In 1997, the Federal National Mortgage Association (Fannie Mae or Enterprise) established its Retained Attorney Network (RAN) to acquire default-related legal services associated with foreclosure, bankruptcy, loss mitigation, eviction, and Real Estate Owned (REO) closings. In August 2010, news reports alleged that RAN attorneys had engaged in inappropriate foreclosure practices such as routinely filing false documents in court proceedings and “robo-signing.”

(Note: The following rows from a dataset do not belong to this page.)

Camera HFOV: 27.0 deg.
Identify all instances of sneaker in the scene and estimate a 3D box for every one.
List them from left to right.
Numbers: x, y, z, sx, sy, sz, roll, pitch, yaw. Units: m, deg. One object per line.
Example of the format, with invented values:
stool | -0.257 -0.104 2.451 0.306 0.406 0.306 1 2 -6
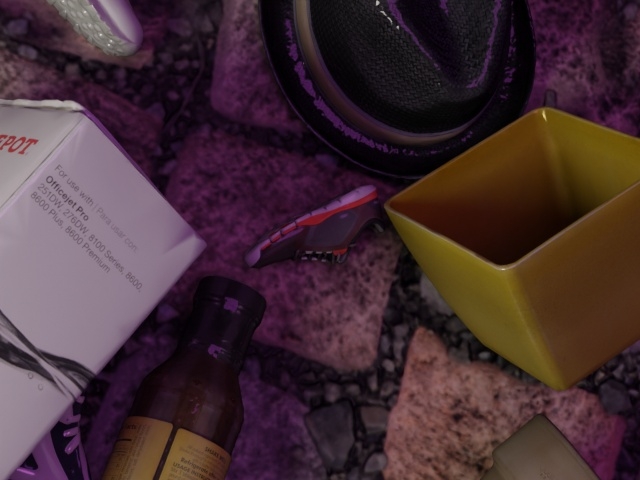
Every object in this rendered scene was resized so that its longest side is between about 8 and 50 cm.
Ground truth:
sneaker | -0.235 0.161 1.224 0.235 0.094 0.153 -44 114 -8
sneaker | -0.240 -0.287 1.307 0.095 0.090 0.235 -40 94 -26
sneaker | 0.000 0.000 1.338 0.157 0.061 0.065 -26 95 -16

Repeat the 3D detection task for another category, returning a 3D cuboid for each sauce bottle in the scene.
sauce bottle | -0.135 0.198 1.236 0.111 0.111 0.344 26 67 -9

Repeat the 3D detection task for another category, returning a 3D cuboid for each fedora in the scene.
fedora | 0.097 -0.236 1.347 0.333 0.152 0.334 2 81 -14

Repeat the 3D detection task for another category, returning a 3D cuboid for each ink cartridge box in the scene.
ink cartridge box | -0.323 0.077 1.104 0.395 0.285 0.166 -51 120 -17

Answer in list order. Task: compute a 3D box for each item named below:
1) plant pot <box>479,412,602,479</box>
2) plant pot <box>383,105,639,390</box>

The Housing and Economic Recovery Act of 2008 (HERA) established the Federal Housing Finance Agency (FHFA or Agency) as supervisor and regulator of the Enterprises: Fannie Mae and the Federal Home Loan Mortgage Corporation (Freddie Mac). On September 6, 2008, FHFA placed the Enterprises into conservatorships out of concern that their deteriorating financial conditions threatened the stability of the financial markets. As the conservator, FHFA is responsible for preserving and conserving each Enterprise’s assets and restoring them to a sound financial condition in order to support the nation’s housing finance markets. FHFA commenced a special review of Fannie Mae’s RAN in late 2010 to determine whether the program met safety and soundness standards, to evaluate the design and implementation of the RAN, and to identify vulnerabilities in its control structure. To date, FHFA has not released the results of its review.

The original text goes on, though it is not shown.